In an email, Howze’s campaign manager Tim Rosales pointed to an Orange County Register report regarding “ballot parties” held by the Democratic Party to encourage people to leave their ballots.
The cease and desist order said the state had received complaints about unauthorized drop boxes in Fresno, Orange and Los Angeles counties.
Linder said she would notify the Secretary of State about the unofficial ballot boxes reported in this county. New Life Christian Center did not return a phone message from The Modesto Bee. Efforts to reach Rick Countryman, co-senior pastor at Big Valley and a candidate for the Modesto mayor’s office, were not successful.

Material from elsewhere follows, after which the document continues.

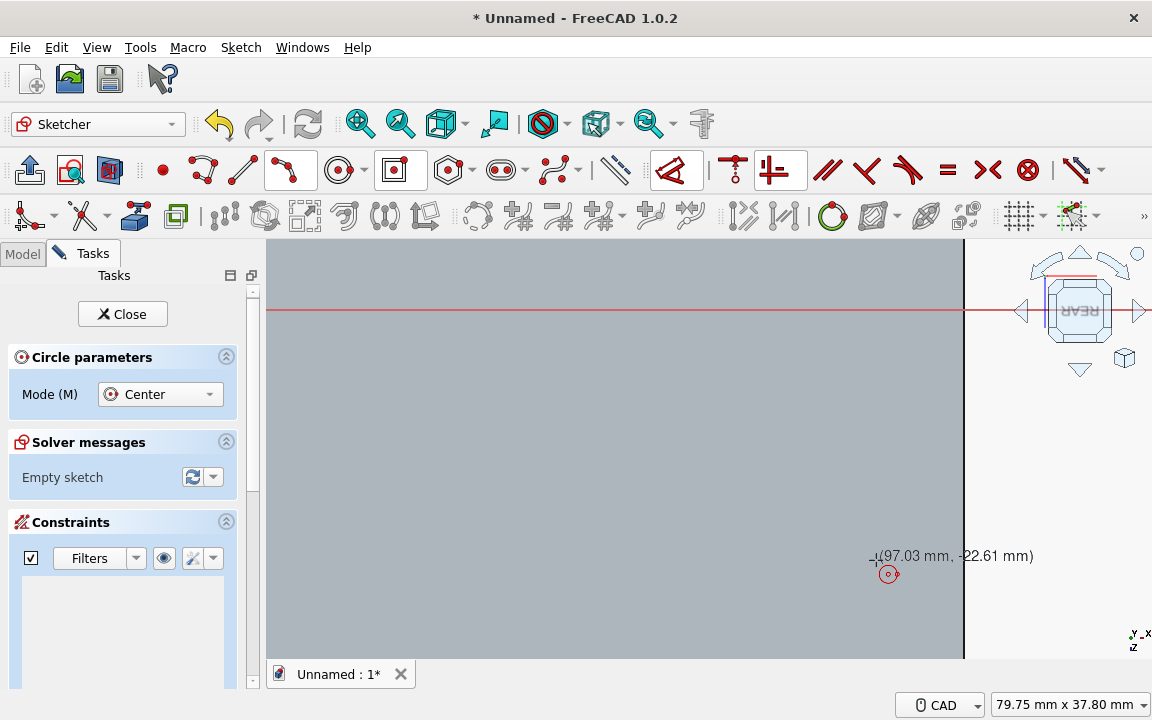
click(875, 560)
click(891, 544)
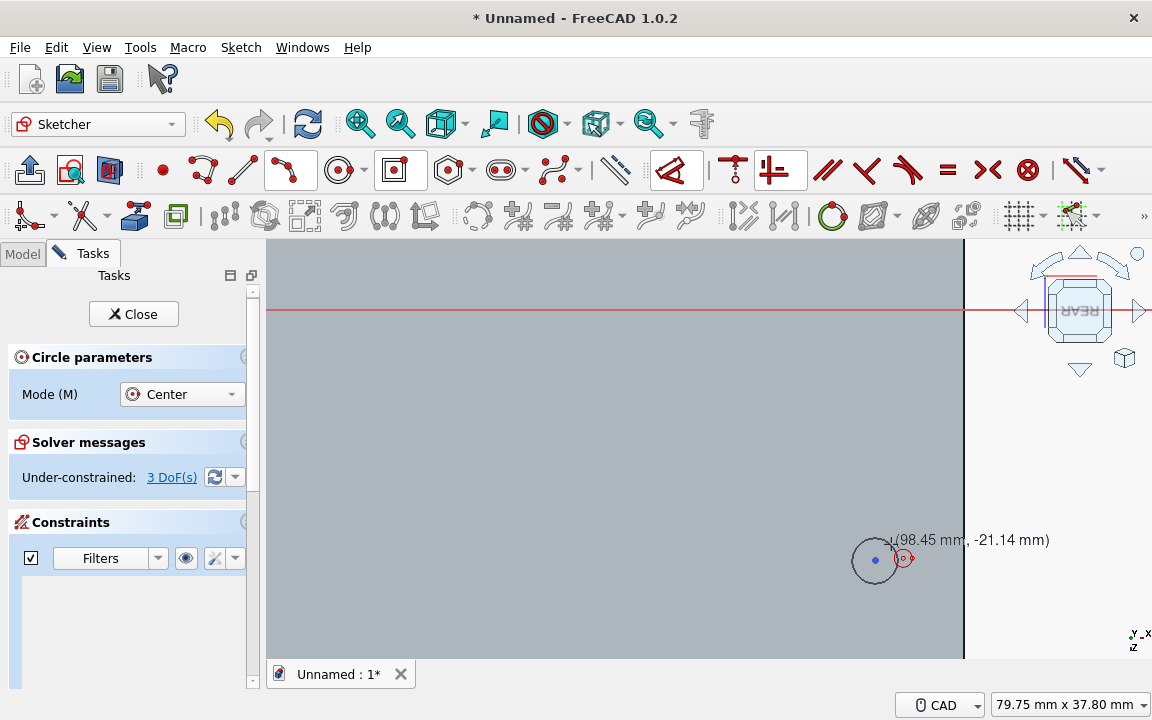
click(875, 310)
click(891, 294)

Voters may legally give their mail ballot to a trusted individual, such as a family member or friend, to deliver it to the county elections office. A newer state law allows voters to entrust their ballots to a campaign worker. With the use of unofficial drop boxes, the person who delivers the ballots to county elections is not meeting a requirement that the designated person sign their name to the ballot envelope, Padilla’s office said.
Linder explained there are three steps for returning a ballot on behalf of a voter:
— It’s the voters’ choice to designate someone to return their ballot.
— The designated returner must fill out the back of the ballot envelope and sign it.
— The designated person must return the voted ballot in its sealed envelope within three days.